Yeah, we were. And get a load of this, from Cambridge Alumni Magazine (#65 Lent, p. 32):
Paleobiologist Professor Simon Conway Morris says that examination of the fossil evidence demands a radical rewriting of evolution.
Stephen Wilson, “Rethinking evolution,” Cambridge Alumni Magazine
, 2012, no.65, p.32-35.
Remember, this guy isn’t poison yet because he doesn’t agree that there is evidence for design in nature.
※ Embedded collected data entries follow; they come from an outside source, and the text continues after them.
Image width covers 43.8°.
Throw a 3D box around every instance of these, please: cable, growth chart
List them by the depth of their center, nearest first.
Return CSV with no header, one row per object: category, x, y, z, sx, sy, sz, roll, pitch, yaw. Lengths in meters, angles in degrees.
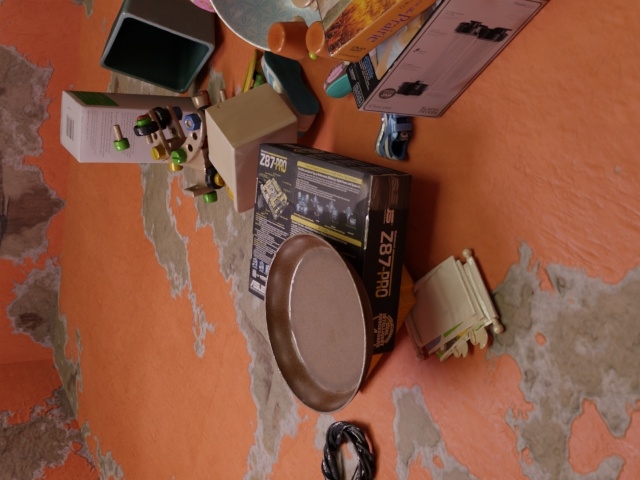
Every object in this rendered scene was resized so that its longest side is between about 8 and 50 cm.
growth chart,0.208,0.119,1.337,0.237,0.021,0.171,-38,61,53
cable,0.053,0.438,1.598,0.150,0.047,0.184,-133,47,-54

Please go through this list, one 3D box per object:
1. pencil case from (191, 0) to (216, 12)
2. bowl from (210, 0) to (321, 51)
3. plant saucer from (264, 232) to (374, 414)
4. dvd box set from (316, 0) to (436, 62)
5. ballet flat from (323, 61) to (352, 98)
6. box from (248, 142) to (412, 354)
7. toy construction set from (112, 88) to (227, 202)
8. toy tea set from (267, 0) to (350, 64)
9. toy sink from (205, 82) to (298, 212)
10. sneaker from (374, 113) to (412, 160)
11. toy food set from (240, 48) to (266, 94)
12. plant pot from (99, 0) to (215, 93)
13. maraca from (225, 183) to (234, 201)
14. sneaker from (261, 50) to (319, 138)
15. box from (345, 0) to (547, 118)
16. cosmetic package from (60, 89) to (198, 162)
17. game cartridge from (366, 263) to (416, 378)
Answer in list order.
pencil case,-0.194,-0.681,1.829,0.386,0.167,0.160,-23,35,57
bowl,-0.076,-0.542,1.608,0.289,0.289,0.156,-50,7,48
plant saucer,0.000,0.139,1.362,0.311,0.050,0.310,11,103,55
dvd box set,0.124,-0.475,1.072,0.420,0.062,0.307,-26,72,50
ballet flat,0.076,-0.334,1.488,0.221,0.077,0.079,-18,63,60
box,0.000,0.000,1.474,0.395,0.097,0.318,22,113,55
toy construction set,-0.307,-0.226,1.975,0.258,0.309,0.237,-5,112,22
toy tea set,0.040,-0.416,1.458,0.336,0.124,0.199,15,104,50
toy sink,-0.147,-0.195,1.693,0.131,0.153,0.234,53,160,25
sneaker,0.137,-0.208,1.407,0.059,0.053,0.144,43,135,50
toy food set,-0.151,-0.337,1.870,0.128,0.071,0.217,-97,23,-59
plant pot,-0.429,-0.594,2.147,0.248,0.247,0.252,-39,43,53
maraca,-0.167,-0.166,1.866,0.127,0.099,0.185,-144,66,-67
sneaker,-0.080,-0.323,1.726,0.092,0.088,0.228,-60,41,44
box,0.183,-0.311,1.215,0.290,0.169,0.087,-48,50,51
cosmetic package,-0.484,-0.300,2.122,0.197,0.366,0.155,34,122,50
game cartridge,0.055,0.099,1.541,0.285,0.053,0.323,65,146,36

But he says,
The idea is this: that convergence – the tendency of very different organisms to evolve similar solutions to biological problems – is not just part of evolution, but a driving force. To say this is an unconventional view would be something of an understatement. To start with an example of convergence (itself an astonishing phenomenon), take the “camera eye” – an eye comprising a lens suspended between two fluid-filled chambers, and the kind of eye which you are using to read this feature.
“If you go to the octopus and, if you’re not too squeamish, dissect it, you’ll find that it has a camera eye which is remarkably similar to our own,” says Conway Morris. “And yet we know that the octopus belongs to an invertebrate group called the cephalopod molluscs, evolutionarily very distant indeed from the chordates to which we belong.
“The common ancient ancestor of molluscs and chordates could not possibly have possessed a camera eye, so quite clearly they have evolved independently. The solution has been arrived at by completely different routes.” Or, in other words, evolution has converged on a solution.
Most biologists agree that convergence is a common occurrence; but Conway Morris goes a step further, believing that evolution converges on the best possible solution, rather than on a best fit, random solution (leading many commentators to accuse him of being a creationist – something he finds amusing, but says is rubbish).
“It all comes down to not whether convergence takes place, but whether it means anything. I think it does, not least because when thinking about the combinatorial possibilities, the numbers of things [biological solutions] that ought to work is ridiculously large, whereas we seem to find that the number of things that actually work is surprisingly small – a very small fraction of all possibilities.”
Conway Morris’d be safer as a design guy. He’d have friends.